Consequences of overstaying your visa in Thailand

Find out what happens if you stay in Thailand past your visa expiration date.

What is visa overstaying?

When a visitor stays in Thailand for longer than their visa or entry stamp allows, this is known as overstaying. It is your responsibility to ensure that you do not overstay your visit to Thailand.

If you have a longer overstay, such as 1 week or 1 month, you must pay a certain amount of fine before leaving the country. It is easiest to pay when you fly out. Explain your situation to the immigration officer at the airport, and you’ll be directed to a nearby counter where you can pay the overstay fee. Please make sure you have sufficient funds to support this. If you do not have enough money, you will be placed in a holding cell until you can raise money to pay.

Key Points

  • Overstaying is punishable by a daily fine of 500 Baht.
  • Children under the age of 14 are not subject to an overstay fine or a travel ban.
  • Overstaying stamp would mark you as an “undesirable alien,” making travel and entry into other countries even more difficult.

Is overstaying in Thailand legal?

Overstaying your visa is against the law. If you overstay for a short period of time, you will be fined. However, overstaying for more than 90 days is a serious offence that will result in deportation from Thailand and or a ban from returning. The length of the suspension is determined by how long you have been in breach of your visa.

If you are found overstaying by an Immigration officer and are unable to pay the fine or have a long overstay, you can be sent to prison until you get the funds to pay your fine.

Overstaying rules for children

Children, regardless of age, should have a valid visa and should not stay past the expiration date on their permission to stay stamps. However, children under the age of 14 are not subject to an overstay fine or a travel ban.

This does not mean that children are allowed to overstay their visas or, worse, fail to obtain the proper visa.

The best solution is to avoid getting yourself in this situation so you better keep in mind the expiration date of your stamp.

Fines and Penalties for visa overstaying?

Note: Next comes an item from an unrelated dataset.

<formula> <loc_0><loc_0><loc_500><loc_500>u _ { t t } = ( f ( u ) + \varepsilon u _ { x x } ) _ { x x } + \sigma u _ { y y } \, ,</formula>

1. Overstaying a Thai visa is punishable by a daily fine of 500 Baht. Overstay visas are marked on the passports of those who have overstayed their visas. Overstaying (40 days or more) brings a maximum fine of 20,000 baht. Fines may be collected at the Thai Immigration Bureau, the Immigration Office at Suvarnabhumi Airport, or other departure points.

2. Overstaying for more than 90 days results in a one-year ban from Thailand, with the duration of the violation increasing. An overstay of 5 years or more on a Thailand visa will result in a 10-year ban from the country.

3. If you are physically caught in the act and convicted, the penalties become more serious. Overstaying a Thai visa for less than a year will result in a five-year ban, while those who stay for more than a year face a ten-year ban.

4. Overstaying a tourist visa in Thailand for an extended period of time will result in prison time and deportation on the offender’s own dime.

5. When visiting Thailand, it is vital to bear in mind the approved stay’s expiration date. If you have already overstayed for whatever reason, you can make arrangements to leave Thailand before the order takes effect. This can be accomplished by surrendering to authorities at any Thai Immigration checkpoint and paying the overstay fee.

Overstaying for more than 90 days is a serious offence.

What to do when you unintentionally overstayed?

If you find yourself overstaying in Thailand, you should try to resolve the situation as soon as possible. When you arrive at immigration, you will be asked to pay a nominal fine of 500 baht for each day you have overstayed, which can be settled in less than 10 minutes with no further implications as long as you have not overstayed several times before.

If you are only staying in Thailand for 2 or 3 days and are leaving via an international airport, you should be safe to leave as normal, as long as you avoid any confrontations with Thai authorities or police checks. If you find yourself in Thailand for more than a week, you should leave as soon as possible, making sure not to get caught and having the necessary fine readily available in cash. If you find yourself in Thailand after overstaying for more than 90 days, you should obtain legal advice immediately and plan to leave the country as soon as possible, or risk being banned from returning for a set period of time.

Outcomes for overstaying your Thai visa

Thai Immigration issued an announcement about the latest overstay rules in Thailand. The advisory took effect on March 20, 2016, as directed by the Ministry of the Interior.

Many see the overstay warning as a more strict approach to dealing with the problem, as violators will now be blacklisted and banned from entering Thailand for 1 to 10 years, depending on the length of their overstay.

Please be aware that repeated overstaying will result in serious consequences. If you have a history of overstaying, your passport could be stamped declaring you in violation of Thailand’s immigration laws and regulations.

This stamp would mark you as an “undesirable alien,” making travel and entry into other countries even more difficult than it should be.